Exercise goal: Gather, from the listing beneath this task, every line holding the string "degrees".

Listed entries:
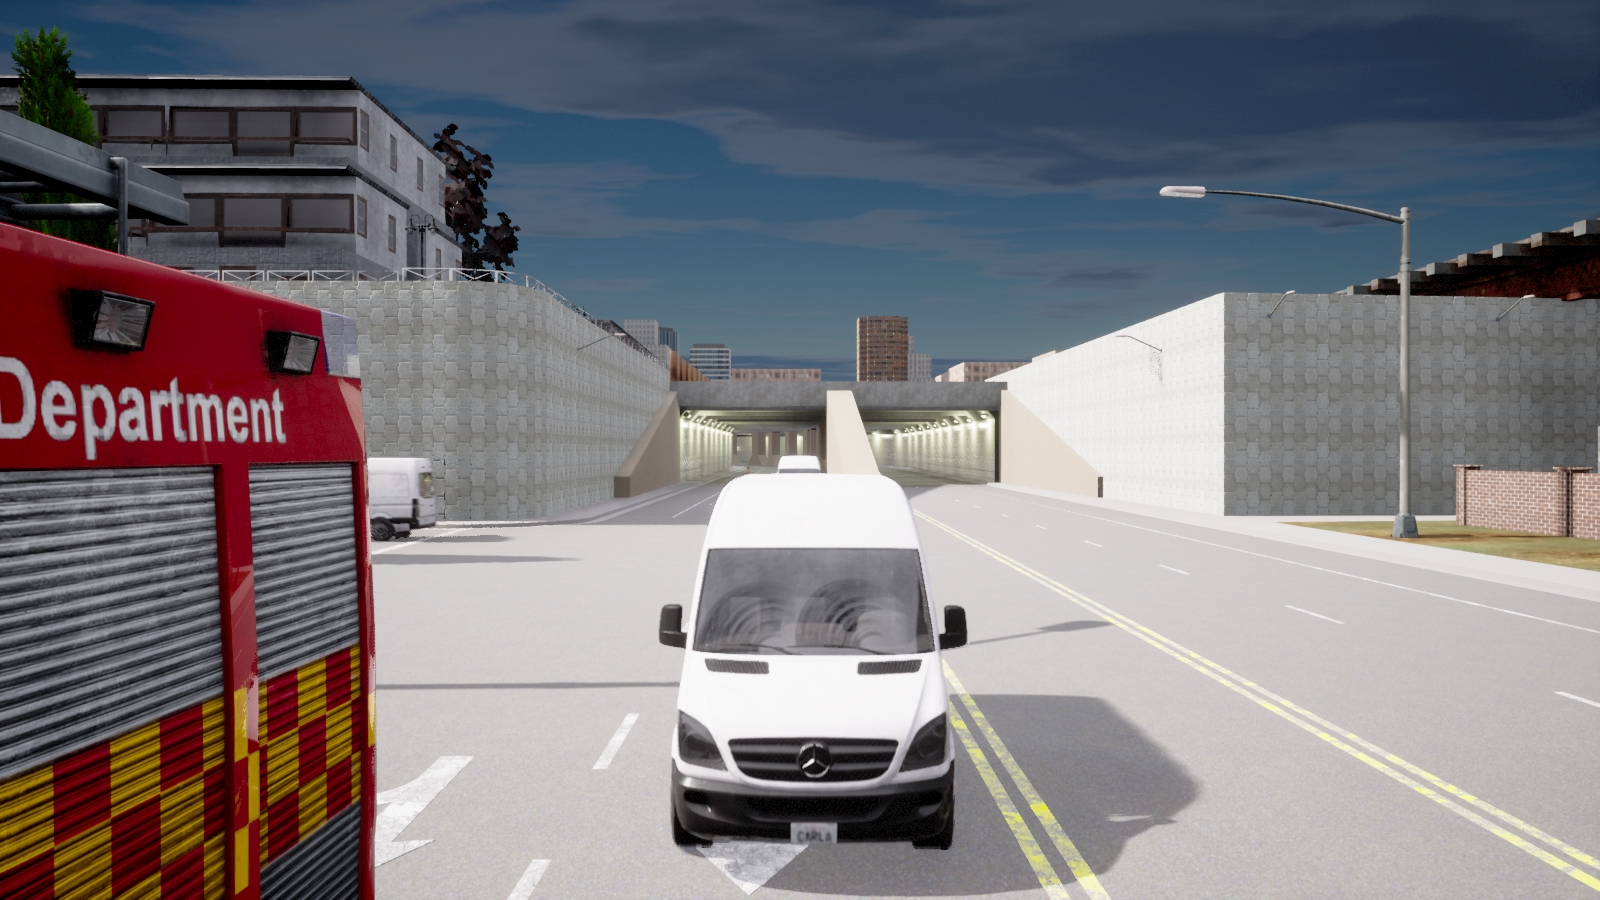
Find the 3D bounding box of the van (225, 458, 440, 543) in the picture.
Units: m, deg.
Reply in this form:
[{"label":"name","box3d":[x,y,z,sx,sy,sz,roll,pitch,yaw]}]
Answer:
[{"label":"van","box3d":[-14.545,1.534,35.777,5.915,2.561,1.988,0,0,0]}]

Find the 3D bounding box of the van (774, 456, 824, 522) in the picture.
[{"label":"van","box3d":[-0.041,1.535,47.848,1.988,2.561,5.915,0,0,0]}]

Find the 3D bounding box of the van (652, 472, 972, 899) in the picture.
[{"label":"van","box3d":[0.100,1.532,10.081,1.988,2.561,5.915,0,0,1]}]
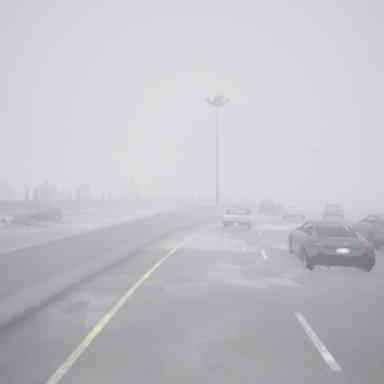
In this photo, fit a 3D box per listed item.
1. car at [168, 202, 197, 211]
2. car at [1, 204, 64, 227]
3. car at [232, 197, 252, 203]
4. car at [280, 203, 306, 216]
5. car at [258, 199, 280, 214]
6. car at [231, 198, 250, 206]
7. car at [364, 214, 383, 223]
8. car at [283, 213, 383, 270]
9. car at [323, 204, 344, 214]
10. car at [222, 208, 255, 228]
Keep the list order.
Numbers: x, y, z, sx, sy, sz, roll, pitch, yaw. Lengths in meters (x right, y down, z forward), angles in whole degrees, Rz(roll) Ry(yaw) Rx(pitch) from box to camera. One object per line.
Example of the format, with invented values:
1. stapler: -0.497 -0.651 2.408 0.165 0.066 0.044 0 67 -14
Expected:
1. car: -0.847 1.739 33.757 1.812 1.442 4.674 0 0 21
2. car: -11.129 1.591 23.569 2.128 1.511 4.902 0 0 13
3. car: 9.303 1.783 60.554 2.097 1.767 4.553 0 0 31
4. car: 9.756 1.776 31.620 1.812 1.442 4.674 0 0 21
5. car: 9.239 1.647 39.164 2.097 1.767 4.553 0 0 25
6. car: 9.792 2.004 66.965 1.812 1.442 4.674 0 0 34
7. car: 8.685 1.703 15.058 1.994 1.385 4.181 0 0 10
8. car: 4.572 1.660 11.463 1.994 1.385 4.181 0 0 8
9. car: 13.694 1.820 32.231 2.033 1.411 5.357 0 0 23
10. car: 3.388 1.768 23.453 1.895 1.301 4.718 0 0 15
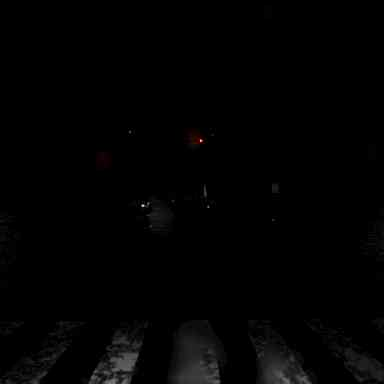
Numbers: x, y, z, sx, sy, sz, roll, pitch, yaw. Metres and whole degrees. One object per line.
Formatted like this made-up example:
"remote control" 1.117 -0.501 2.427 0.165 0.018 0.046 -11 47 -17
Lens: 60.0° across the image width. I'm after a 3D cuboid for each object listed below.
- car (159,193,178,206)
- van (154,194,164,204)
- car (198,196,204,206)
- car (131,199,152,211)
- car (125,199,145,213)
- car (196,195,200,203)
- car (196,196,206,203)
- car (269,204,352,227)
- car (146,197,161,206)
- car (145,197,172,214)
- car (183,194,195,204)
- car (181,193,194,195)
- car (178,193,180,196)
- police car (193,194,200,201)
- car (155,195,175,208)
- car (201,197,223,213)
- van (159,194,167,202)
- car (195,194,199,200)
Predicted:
"car" -3.684 1.363 52.663 2.097 1.767 4.553 0 0 -1
"van" -6.553 1.360 66.685 1.690 1.788 3.998 0 0 -1
"car" 2.242 1.553 47.300 1.887 1.381 4.507 0 0 -1
"car" -6.200 1.557 41.289 2.008 1.369 4.403 0 0 -1
"car" -6.131 1.556 36.297 2.008 1.369 4.403 0 0 -1
"car" 2.167 1.562 52.744 2.008 1.369 4.403 0 0 -1
"car" 1.882 1.589 73.193 1.947 1.339 4.313 0 0 -1
"car" 7.340 1.433 20.979 4.718 1.301 1.895 -1 0 -1
"car" -6.403 1.578 55.859 1.947 1.339 4.313 0 0 -1
"car" -3.449 1.568 34.700 1.994 1.385 4.181 0 0 -2
"car" -0.637 1.618 63.040 1.895 1.301 4.718 0 0 -1
"car" -0.908 1.549 75.604 2.128 1.511 4.902 0 0 -1
"car" -3.790 1.508 62.442 2.128 1.511 4.902 0 0 0
"police car" 1.246 1.463 90.590 1.930 1.638 5.238 0 0 -1
"car" -3.563 1.485 43.513 1.882 1.535 5.008 0 0 -1
"car" 2.393 1.556 36.412 2.008 1.369 4.403 0 0 -1
"van" -6.704 1.368 77.511 1.690 1.788 3.998 0 0 -1
"car" 2.029 1.567 62.615 2.008 1.369 4.403 0 0 -1
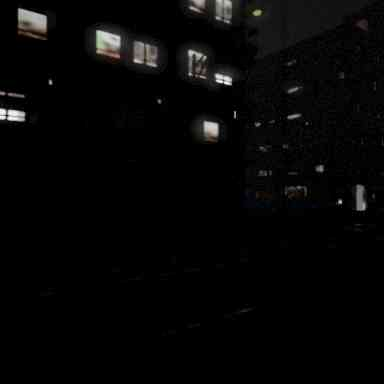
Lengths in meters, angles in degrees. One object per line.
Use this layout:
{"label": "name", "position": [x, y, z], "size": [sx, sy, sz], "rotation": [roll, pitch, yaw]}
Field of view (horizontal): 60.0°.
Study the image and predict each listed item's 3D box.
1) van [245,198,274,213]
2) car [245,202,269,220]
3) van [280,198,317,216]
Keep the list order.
{"label": "van", "position": [8.024, 1.615, 40.086], "size": [1.690, 1.788, 3.998], "rotation": [-1, 0, -36]}
{"label": "car", "position": [4.599, 1.830, 30.654], "size": [1.802, 1.307, 4.206], "rotation": [-1, 0, -36]}
{"label": "van", "position": [11.339, 1.542, 35.570], "size": [1.690, 1.788, 3.998], "rotation": [-1, 0, -36]}
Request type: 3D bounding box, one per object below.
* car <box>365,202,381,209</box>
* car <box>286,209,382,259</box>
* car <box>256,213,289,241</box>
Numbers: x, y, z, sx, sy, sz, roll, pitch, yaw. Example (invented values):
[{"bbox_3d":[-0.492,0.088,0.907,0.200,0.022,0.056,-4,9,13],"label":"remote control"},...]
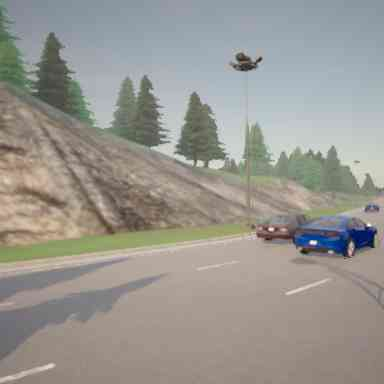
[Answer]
[{"bbox_3d":[26.916,2.182,49.511,1.812,1.442,4.674,-2,-2,32],"label":"car"},{"bbox_3d":[6.116,1.686,13.775,1.882,1.535,5.008,-1,-1,44],"label":"car"},{"bbox_3d":[5.457,1.851,17.817,2.033,1.411,5.357,-2,-2,41],"label":"car"}]

Finished task:
Numbers: x, y, z, sx, sy, sz, roll, pitch, yaw. Lengths in meters (x right, y down, z forward), angles in whole degrees, Rz(roll) Ry(yaw) Rx(pitch) from box to camera. One object per line.
Numbers: x, y, z, sx, sy, sz, roll, pitch, yaw. Metres and whole degrees. One object per line.
Lengths in meters, angles in degrees. One object per line.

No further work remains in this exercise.